An exclusive Q&A with Bennett Bauer, Director of Cloud Marketing at DreamHost

"Open source cloud is enabling a vast developer community that is today building applications to solve the points of integration in this growing area," stated Bennett Bauer, Director of Cloud Marketing at DreamHost, in this exclusive Q&A with Cloud Expo Conference Chair Jeremy Geelan. "Pure, built-in-the-cloud applications that resolve the social, mobile, analytics lifecycle through the cloud," Bauer continued, "and applications that are not hamstrung by trying to integrate traditional corporate data and custom functionality are proliferating."

Cloud Computing Journal: The move to cloud isn't about saving money, it is about saving time. - Agree or disagree?

Bennett Bauer: It's about both, even in these early days. Shifting workloads gradually over to the cloud, starting from the easiest to the hardest to move, can start the money and time savings immediately. For a few years now we've seen development projects, analytics, basic SaaS applications, and ready storage in the cloud served up as needed. The value proposition is already proven: let's not hold expensive assets that take way too long to provision when you only need them for peak project work, analysis, and maybe seasonal spikes.

Throw on top of this the increasing number of software applications written to be cloud friendly, shared among a great many users, available instantly, and eliminating the need to hold expensive licenses, and the value grows exponentially. In summary, we see prices dropping rapidly, and we likewise see ease of use and application scenarios improving. It is the latter, if anything, that will increase the time savings factor and drive adoption.

Cloud Computing Journal: How should organizations tackle their regulatory and compliance concerns in the cloud? Who should they be asking/trusting for advice?

Bauer: This is a unique answer for every company and every workload. To say that a financial institution for instance absolutely cannot use cloud services is just as incorrect as saying that these same institutions should go full-on cloud. Neither scenario is desirable from a risk-reward perspective.

I've talked to many IT leaders at large, medium, and small organizations that recognize almost an urgent need to segment their applications into 1) cloud ready now, 2) cloud ready with modernization, and 3) maybe never cloud ready due to cost and/or compliance issues. Why do I say "an urgent need," because cloud services are entering their organizations whether they are ready for them or not, and the least they can do to manage the onslaught is to set parameters based on the types and security/compliance profiles of the workloads.

The question then comes down to the type of cloud that should be employed: private, virtual private, or public that engender varying degrees of control and risk, and accompanying degrees of lock-in. As for who should organizational IT leaders ask for advice, the answer is a varied as the workloads, and there are good answers, but no one right answer.

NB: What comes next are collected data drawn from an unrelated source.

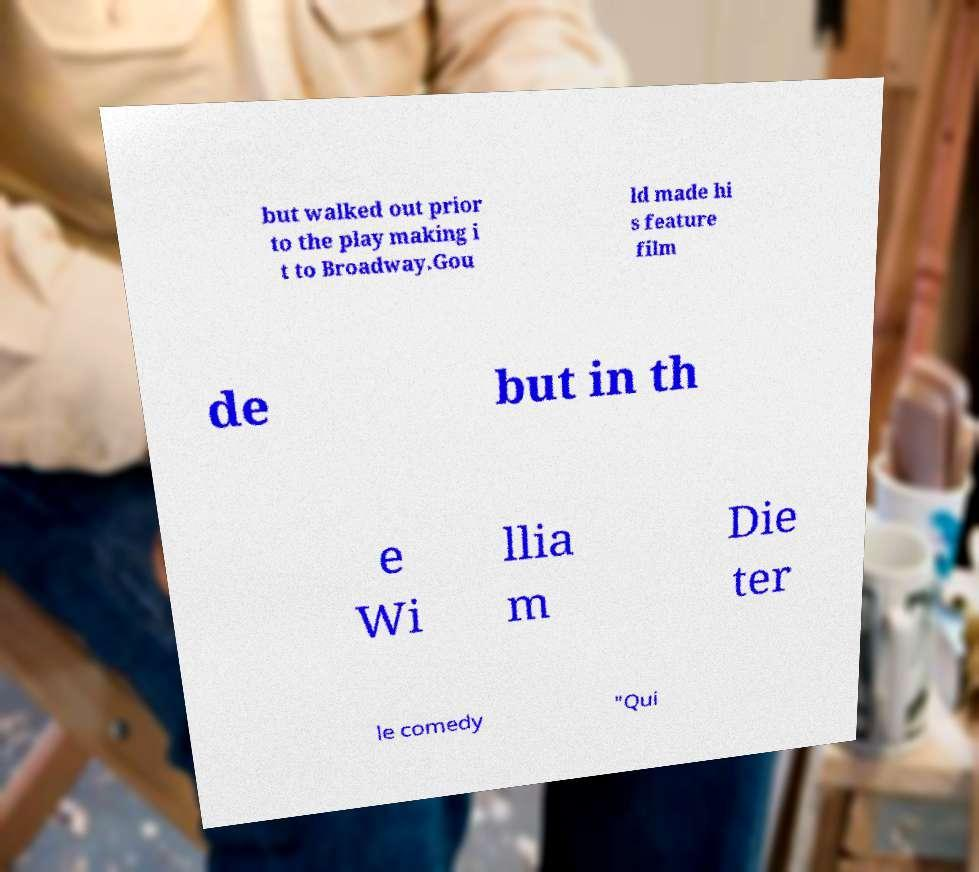Can you read and provide the text displayed in the image?This photo seems to have some interesting text. Can you extract and type it out for me? but walked out prior to the play making i t to Broadway.Gou ld made hi s feature film de but in th e Wi llia m Die ter le comedy "Qui 
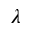<formula> <loc_0><loc_0><loc_500><loc_500>\lambda</formula> 
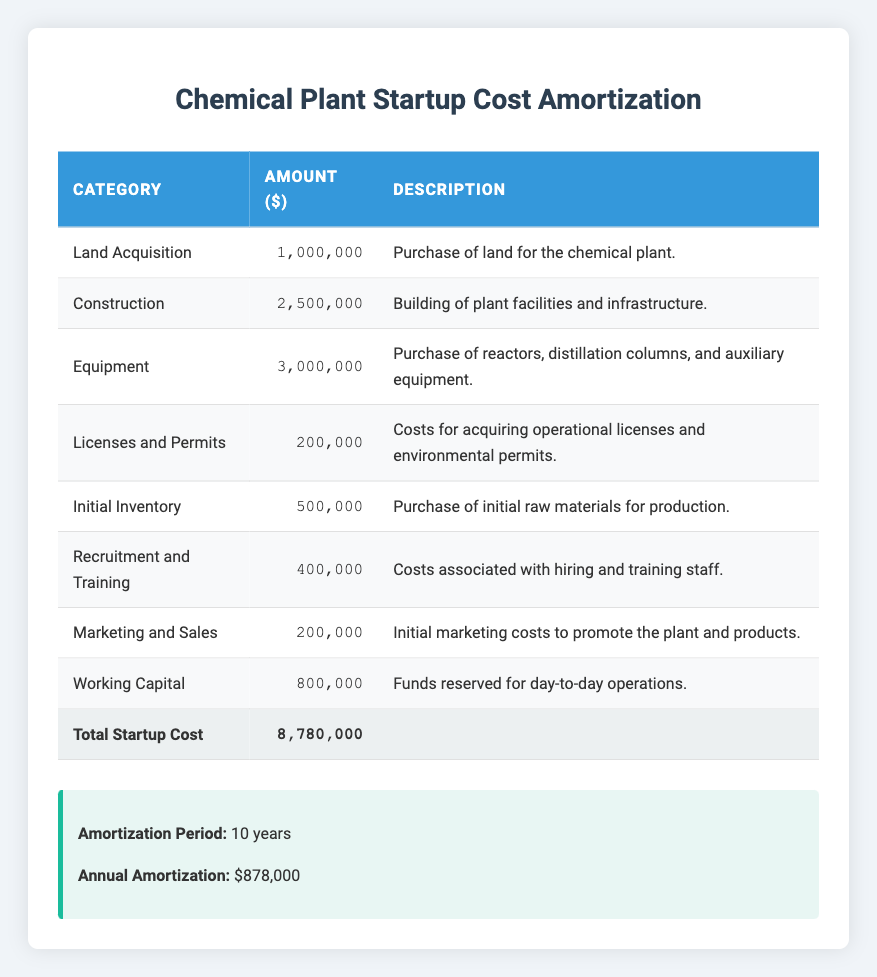What is the total amount for construction costs? The construction costs are directly listed in the table under the "Construction" category, which shows an amount of 2,500,000.
Answer: 2,500,000 How much is allocated for equipment? The amount allocated for equipment is clearly stated in the table under the "Equipment" category, which is 3,000,000.
Answer: 3,000,000 Is the total startup cost more than 8 million? The total startup cost is presented at the bottom of the table and is 8,780,000, which is greater than 8 million.
Answer: Yes What is the total amount for recruitment and training plus marketing and sales? To find the total, we need to add the amounts from both the "Recruitment and Training" category (400,000) and the "Marketing and Sales" category (200,000). Thus, 400,000 + 200,000 = 600,000.
Answer: 600,000 What is the average cost of the categories listed in the startup costs? First, we sum all the startup costs: 1,000,000 + 2,500,000 + 3,000,000 + 200,000 + 500,000 + 400,000 + 200,000 + 800,000 = 8,780,000. There are 8 categories, so the average is 8,780,000 / 8 = 1,097,500.
Answer: 1,097,500 What percentage of the total startup cost is allocated for licenses and permits? The amount for licenses and permits is 200,000. To find the percentage, we calculate (200,000 / 8,780,000) * 100, which gives us approximately 2.27%.
Answer: 2.27% Is the amount for working capital higher than the amount for initial inventory? The amount for working capital is shown as 800,000, while the amount for initial inventory is 500,000. Since 800,000 is greater than 500,000, the answer is yes.
Answer: Yes How much more is spent on equipment than on licenses and permits? The amount spent on equipment is 3,000,000 and on licenses and permits it is 200,000. The difference is calculated by finding 3,000,000 - 200,000, resulting in 2,800,000.
Answer: 2,800,000 
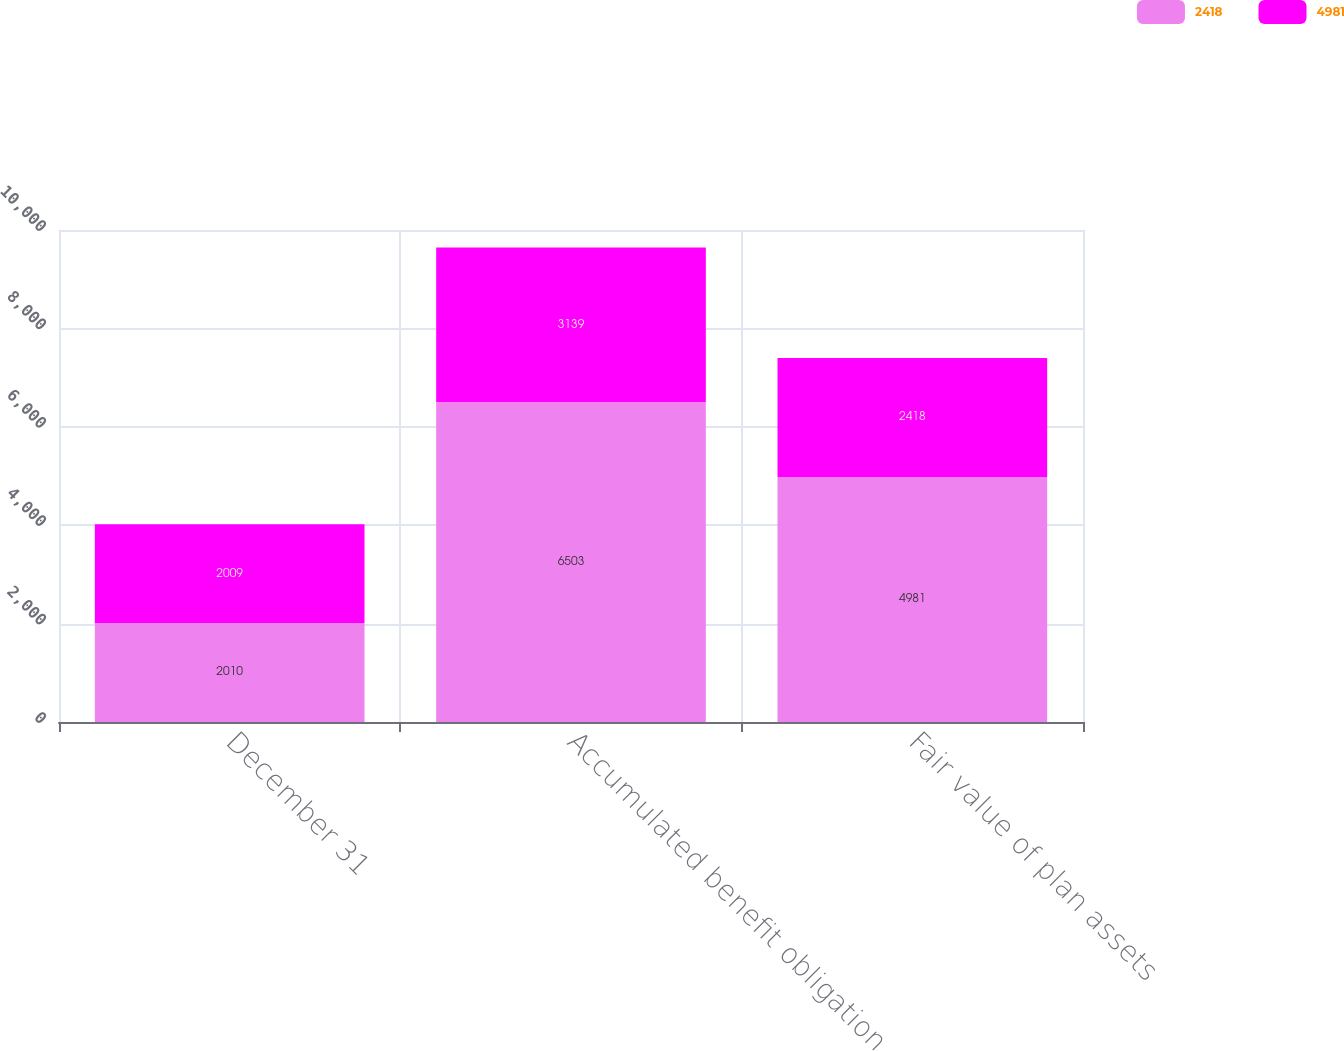Convert chart. <chart><loc_0><loc_0><loc_500><loc_500><stacked_bar_chart><ecel><fcel>December 31<fcel>Accumulated benefit obligation<fcel>Fair value of plan assets<nl><fcel>2418<fcel>2010<fcel>6503<fcel>4981<nl><fcel>4981<fcel>2009<fcel>3139<fcel>2418<nl></chart>

Cloud Computing Journal: What does the emergence of Open Source clouds mean for the cloud ecosystem? How does the existence of OpenStack, CloudStack, OpenNebula, Eucalyptus and so on affect your own company?

Bauer: Now we're talking about a very significant impact on utilitarian, cost-effective, and pervasive cloud services. At our company, we did a rigorous assessment of the various cloud stacks, and embraced OpenStack since our long-time open source developer community found it to be the most complete at the time and offered a lot of alignment with our developers' skill sets.

This comes from a company whose co-founder created the massively scalable and resilient open source Ceph storage technology, so we know about this area. Our cloud object storage and computing services are designed around these innovations, and they offer us and the marketplace a great ability to innovate and drive adoption in ways that no one company or a handful of companies can do on their own.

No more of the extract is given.